_DATA PROVIDED_

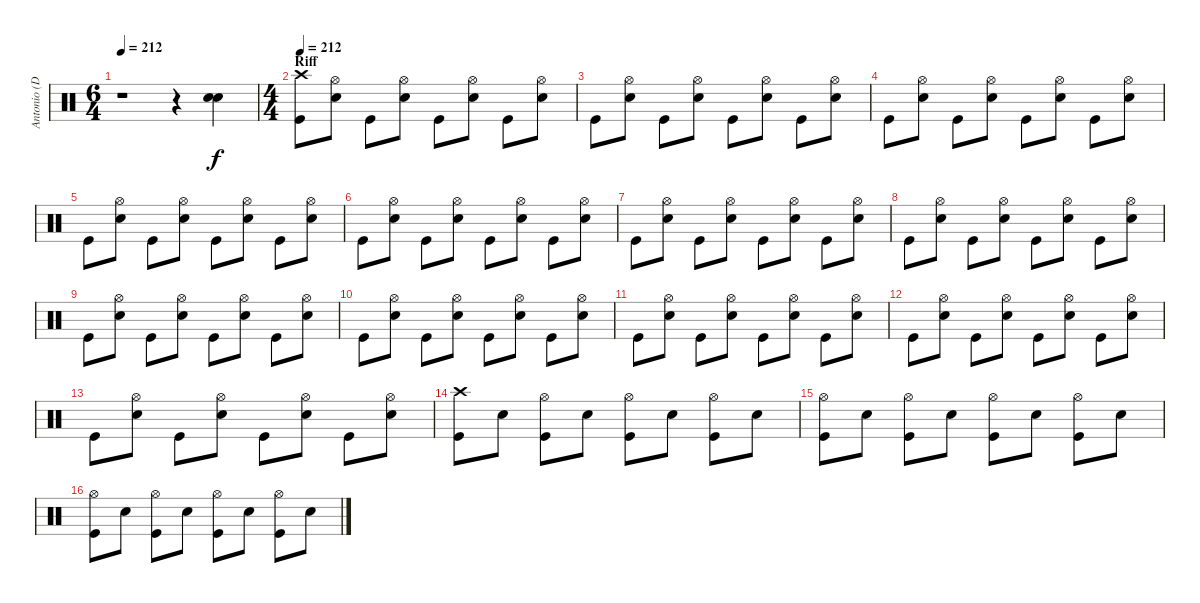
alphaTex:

\track ("Antonio (Drums)" "Antonio (D") {instrument percussion}
\staff {score}
\articulation defaults
\ts (6 4)
\tempo 212
\clef neutral
\ks c
r.1{dy f} r.4 ("Electric Snare (hit)" "Electric Snare (hit)").4{bu 120} |
\ts (4 4)
\section ("" "Riff")
\tempo 212
("Crash high (hit)" "Kick (hit)").8 ("Hi-Hat (open)" "Electric Snare (hit)").8 "Kick (hit)".8 ("Hi-Hat (open)" "Electric Snare (hit)").8 "Kick (hit)".8 ("Hi-Hat (open)" "Electric Snare (hit)").8 "Kick (hit)".8 ("Hi-Hat (open)" "Electric Snare (hit)").8 |
"Kick (hit)".8 ("Hi-Hat (open)" "Electric Snare (hit)").8 "Kick (hit)".8 ("Hi-Hat (open)" "Electric Snare (hit)").8 "Kick (hit)".8 ("Hi-Hat (open)" "Electric Snare (hit)").8 "Kick (hit)".8 ("Hi-Hat (open)" "Electric Snare (hit)").8 |
"Kick (hit)".8 ("Hi-Hat (open)" "Electric Snare (hit)").8 "Kick (hit)".8 ("Hi-Hat (open)" "Electric Snare (hit)").8 "Kick (hit)".8 ("Hi-Hat (open)" "Electric Snare (hit)").8 "Kick (hit)".8 ("Hi-Hat (open)" "Electric Snare (hit)").8 |
"Kick (hit)".8 ("Hi-Hat (open)" "Electric Snare (hit)").8 "Kick (hit)".8 ("Hi-Hat (open)" "Electric Snare (hit)").8 "Kick (hit)".8 ("Hi-Hat (open)" "Electric Snare (hit)").8 "Kick (hit)".8 ("Hi-Hat (open)" "Electric Snare (hit)").8 |
"Kick (hit)".8 ("Hi-Hat (open)" "Electric Snare (hit)").8 "Kick (hit)".8 ("Hi-Hat (open)" "Electric Snare (hit)").8 "Kick (hit)".8 ("Hi-Hat (open)" "Electric Snare (hit)").8 "Kick (hit)".8 ("Hi-Hat (open)" "Electric Snare (hit)").8 |
"Kick (hit)".8 ("Hi-Hat (open)" "Electric Snare (hit)").8 "Kick (hit)".8 ("Hi-Hat (open)" "Electric Snare (hit)").8 "Kick (hit)".8 ("Hi-Hat (open)" "Electric Snare (hit)").8 "Kick (hit)".8 ("Hi-Hat (open)" "Electric Snare (hit)").8 |
"Kick (hit)".8 ("Hi-Hat (open)" "Electric Snare (hit)").8 "Kick (hit)".8 ("Hi-Hat (open)" "Electric Snare (hit)").8 "Kick (hit)".8 ("Hi-Hat (open)" "Electric Snare (hit)").8 "Kick (hit)".8 ("Hi-Hat (open)" "Electric Snare (hit)").8 |
"Kick (hit)".8 ("Hi-Hat (open)" "Electric Snare (hit)").8 "Kick (hit)".8 ("Hi-Hat (open)" "Electric Snare (hit)").8 "Kick (hit)".8 ("Hi-Hat (open)" "Electric Snare (hit)").8 "Kick (hit)".8 ("Hi-Hat (open)" "Electric Snare (hit)").8 |
"Kick (hit)".8 ("Hi-Hat (open)" "Electric Snare (hit)").8 "Kick (hit)".8 ("Hi-Hat (open)" "Electric Snare (hit)").8 "Kick (hit)".8 ("Hi-Hat (open)" "Electric Snare (hit)").8 "Kick (hit)".8 ("Hi-Hat (open)" "Electric Snare (hit)").8 |
"Kick (hit)".8 ("Hi-Hat (open)" "Electric Snare (hit)").8 "Kick (hit)".8 ("Hi-Hat (open)" "Electric Snare (hit)").8 "Kick (hit)".8 ("Hi-Hat (open)" "Electric Snare (hit)").8 "Kick (hit)".8 ("Hi-Hat (open)" "Electric Snare (hit)").8 |
"Kick (hit)".8 ("Hi-Hat (open)" "Electric Snare (hit)").8 "Kick (hit)".8 ("Hi-Hat (open)" "Electric Snare (hit)").8 "Kick (hit)".8 ("Hi-Hat (open)" "Electric Snare (hit)").8 "Kick (hit)".8 ("Hi-Hat (open)" "Electric Snare (hit)").8 |
"Kick (hit)".8 ("Hi-Hat (open)" "Electric Snare (hit)").8 "Kick (hit)".8 ("Hi-Hat (open)" "Electric Snare (hit)").8 "Kick (hit)".8 ("Hi-Hat (open)" "Electric Snare (hit)").8 "Kick (hit)".8 ("Hi-Hat (open)" "Electric Snare (hit)").8 |
("Crash high (hit)" "Kick (hit)").8 "Electric Snare (hit)".8 ("Hi-Hat (open)" "Kick (hit)").8 "Electric Snare (hit)".8 ("Hi-Hat (open)" "Kick (hit)").8 "Electric Snare (hit)".8 ("Hi-Hat (open)" "Kick (hit)").8 "Electric Snare (hit)".8 |
("Hi-Hat (open)" "Kick (hit)").8 "Electric Snare (hit)".8 ("Hi-Hat (open)" "Kick (hit)").8 "Electric Snare (hit)".8 ("Hi-Hat (open)" "Kick (hit)").8 "Electric Snare (hit)".8 ("Hi-Hat (open)" "Kick (hit)").8 "Electric Snare (hit)".8 |
("Hi-Hat (open)" "Kick (hit)").8 "Electric Snare (hit)".8 ("Hi-Hat (open)" "Kick (hit)").8 "Electric Snare (hit)".8 ("Hi-Hat (open)" "Kick (hit)").8 "Electric Snare (hit)".8 ("Hi-Hat (open)" "Kick (hit)").8 "Electric Snare (hit)".8

_EXERCISE DIRECTIONS_
Copy each of the entries above precisely, and drop whatever pictures they hold.

_RESPONSE BOX_
alphaTex:

\track ("Antonio (Drums)" "Antonio (D") {instrument percussion}
\staff {score}
\articulation defaults
\ts (6 4)
\tempo 212
\clef neutral
\ks c
r.1{dy f} r.4 ("Electric Snare (hit)" "Electric Snare (hit)").4{bu 120} |
\ts (4 4)
\section ("" "Riff")
\tempo 212
("Crash high (hit)" "Kick (hit)").8 ("Hi-Hat (open)" "Electric Snare (hit)").8 "Kick (hit)".8 ("Hi-Hat (open)" "Electric Snare (hit)").8 "Kick (hit)".8 ("Hi-Hat (open)" "Electric Snare (hit)").8 "Kick (hit)".8 ("Hi-Hat (open)" "Electric Snare (hit)").8 |
"Kick (hit)".8 ("Hi-Hat (open)" "Electric Snare (hit)").8 "Kick (hit)".8 ("Hi-Hat (open)" "Electric Snare (hit)").8 "Kick (hit)".8 ("Hi-Hat (open)" "Electric Snare (hit)").8 "Kick (hit)".8 ("Hi-Hat (open)" "Electric Snare (hit)").8 |
"Kick (hit)".8 ("Hi-Hat (open)" "Electric Snare (hit)").8 "Kick (hit)".8 ("Hi-Hat (open)" "Electric Snare (hit)").8 "Kick (hit)".8 ("Hi-Hat (open)" "Electric Snare (hit)").8 "Kick (hit)".8 ("Hi-Hat (open)" "Electric Snare (hit)").8 |
"Kick (hit)".8 ("Hi-Hat (open)" "Electric Snare (hit)").8 "Kick (hit)".8 ("Hi-Hat (open)" "Electric Snare (hit)").8 "Kick (hit)".8 ("Hi-Hat (open)" "Electric Snare (hit)").8 "Kick (hit)".8 ("Hi-Hat (open)" "Electric Snare (hit)").8 |
"Kick (hit)".8 ("Hi-Hat (open)" "Electric Snare (hit)").8 "Kick (hit)".8 ("Hi-Hat (open)" "Electric Snare (hit)").8 "Kick (hit)".8 ("Hi-Hat (open)" "Electric Snare (hit)").8 "Kick (hit)".8 ("Hi-Hat (open)" "Electric Snare (hit)").8 |
"Kick (hit)".8 ("Hi-Hat (open)" "Electric Snare (hit)").8 "Kick (hit)".8 ("Hi-Hat (open)" "Electric Snare (hit)").8 "Kick (hit)".8 ("Hi-Hat (open)" "Electric Snare (hit)").8 "Kick (hit)".8 ("Hi-Hat (open)" "Electric Snare (hit)").8 |
"Kick (hit)".8 ("Hi-Hat (open)" "Electric Snare (hit)").8 "Kick (hit)".8 ("Hi-Hat (open)" "Electric Snare (hit)").8 "Kick (hit)".8 ("Hi-Hat (open)" "Electric Snare (hit)").8 "Kick (hit)".8 ("Hi-Hat (open)" "Electric Snare (hit)").8 |
"Kick (hit)".8 ("Hi-Hat (open)" "Electric Snare (hit)").8 "Kick (hit)".8 ("Hi-Hat (open)" "Electric Snare (hit)").8 "Kick (hit)".8 ("Hi-Hat (open)" "Electric Snare (hit)").8 "Kick (hit)".8 ("Hi-Hat (open)" "Electric Snare (hit)").8 |
"Kick (hit)".8 ("Hi-Hat (open)" "Electric Snare (hit)").8 "Kick (hit)".8 ("Hi-Hat (open)" "Electric Snare (hit)").8 "Kick (hit)".8 ("Hi-Hat (open)" "Electric Snare (hit)").8 "Kick (hit)".8 ("Hi-Hat (open)" "Electric Snare (hit)").8 |
"Kick (hit)".8 ("Hi-Hat (open)" "Electric Snare (hit)").8 "Kick (hit)".8 ("Hi-Hat (open)" "Electric Snare (hit)").8 "Kick (hit)".8 ("Hi-Hat (open)" "Electric Snare (hit)").8 "Kick (hit)".8 ("Hi-Hat (open)" "Electric Snare (hit)").8 |
"Kick (hit)".8 ("Hi-Hat (open)" "Electric Snare (hit)").8 "Kick (hit)".8 ("Hi-Hat (open)" "Electric Snare (hit)").8 "Kick (hit)".8 ("Hi-Hat (open)" "Electric Snare (hit)").8 "Kick (hit)".8 ("Hi-Hat (open)" "Electric Snare (hit)").8 |
"Kick (hit)".8 ("Hi-Hat (open)" "Electric Snare (hit)").8 "Kick (hit)".8 ("Hi-Hat (open)" "Electric Snare (hit)").8 "Kick (hit)".8 ("Hi-Hat (open)" "Electric Snare (hit)").8 "Kick (hit)".8 ("Hi-Hat (open)" "Electric Snare (hit)").8 |
("Crash high (hit)" "Kick (hit)").8 "Electric Snare (hit)".8 ("Hi-Hat (open)" "Kick (hit)").8 "Electric Snare (hit)".8 ("Hi-Hat (open)" "Kick (hit)").8 "Electric Snare (hit)".8 ("Hi-Hat (open)" "Kick (hit)").8 "Electric Snare (hit)".8 |
("Hi-Hat (open)" "Kick (hit)").8 "Electric Snare (hit)".8 ("Hi-Hat (open)" "Kick (hit)").8 "Electric Snare (hit)".8 ("Hi-Hat (open)" "Kick (hit)").8 "Electric Snare (hit)".8 ("Hi-Hat (open)" "Kick (hit)").8 "Electric Snare (hit)".8 |
("Hi-Hat (open)" "Kick (hit)").8 "Electric Snare (hit)".8 ("Hi-Hat (open)" "Kick (hit)").8 "Electric Snare (hit)".8 ("Hi-Hat (open)" "Kick (hit)").8 "Electric Snare (hit)".8 ("Hi-Hat (open)" "Kick (hit)").8 "Electric Snare (hit)".8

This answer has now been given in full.